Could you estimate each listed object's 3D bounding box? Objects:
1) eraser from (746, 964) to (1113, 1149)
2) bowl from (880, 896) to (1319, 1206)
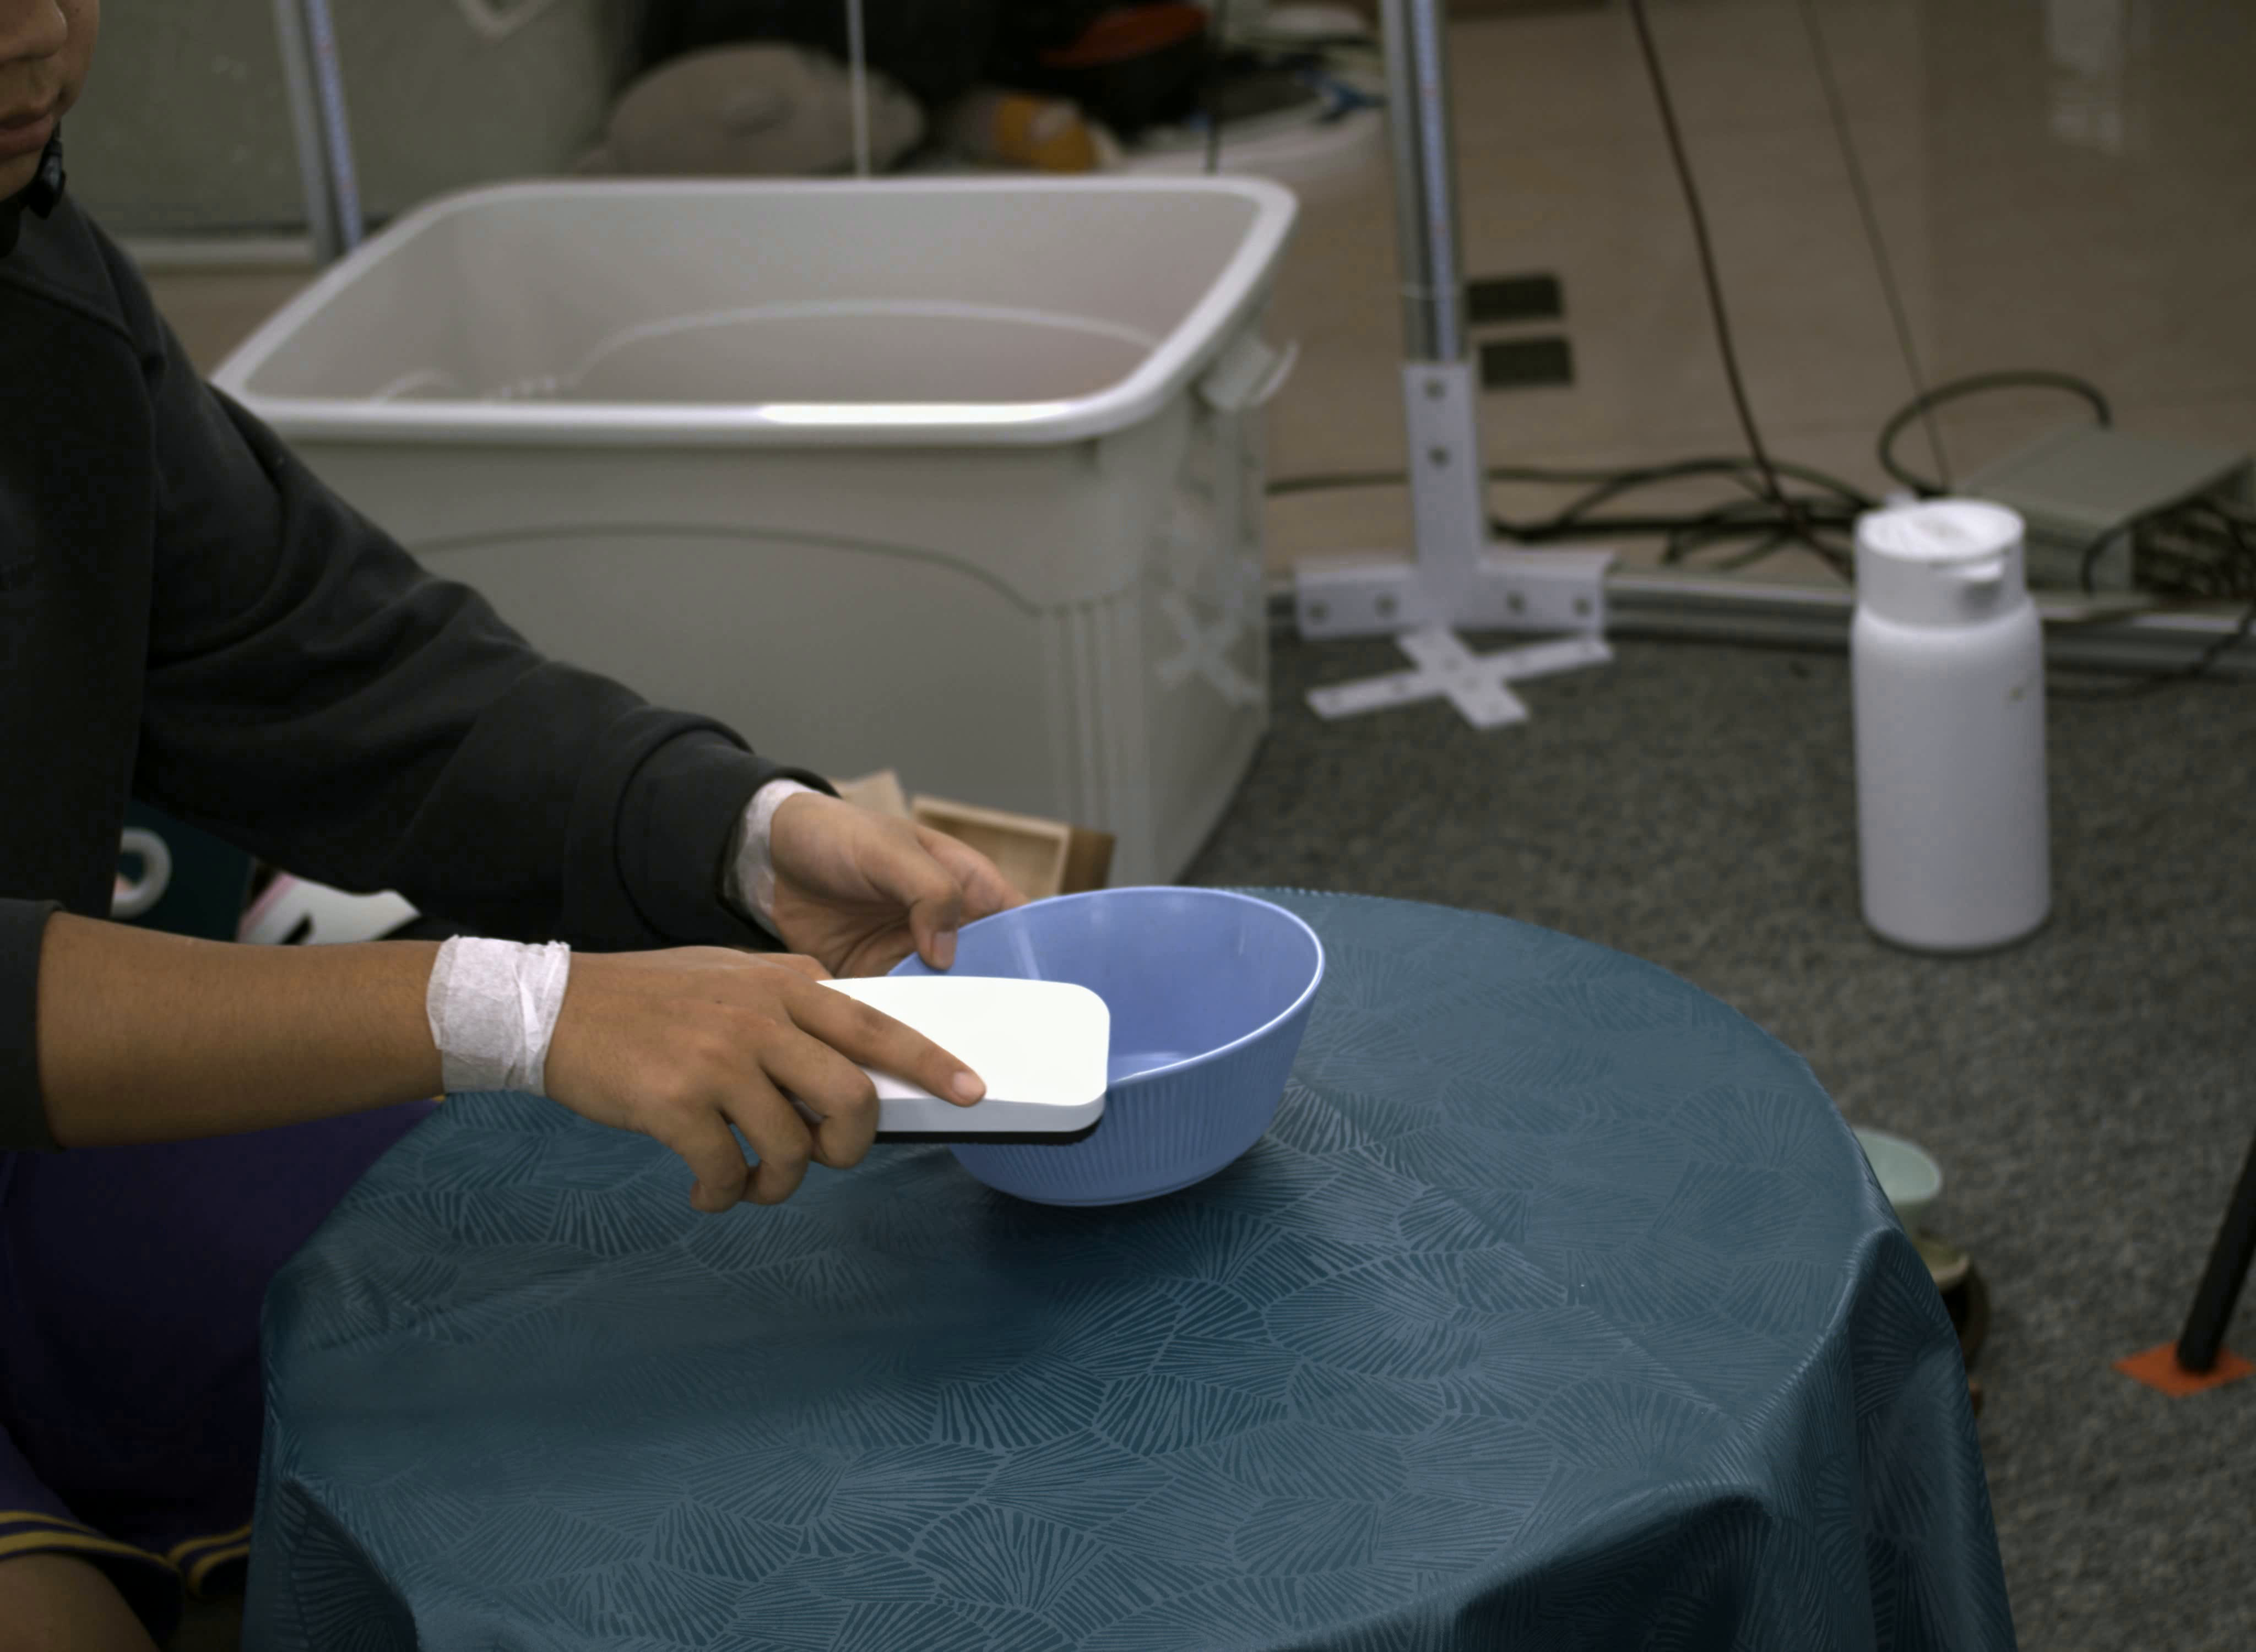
[{"bbox_3d":[-0.071,0.084,2.049,0.131,0.035,0.062,2,44,2],"label":"eraser"},{"bbox_3d":[-0.011,0.090,2.151,0.176,0.071,0.173,-6,22,3],"label":"bowl"}]
__________________________________________________
What is expected:
Word for word, restate all of the data, but do not copy the pictures.

Solved problem:
Could you estimate each listed object's 3D bounding box? Objects:
1) eraser from (746, 964) to (1113, 1149)
2) bowl from (880, 896) to (1319, 1206)
[{"bbox_3d":[-0.071,0.084,2.049,0.131,0.035,0.062,2,44,2],"label":"eraser"},{"bbox_3d":[-0.011,0.090,2.151,0.176,0.071,0.173,-6,22,3],"label":"bowl"}]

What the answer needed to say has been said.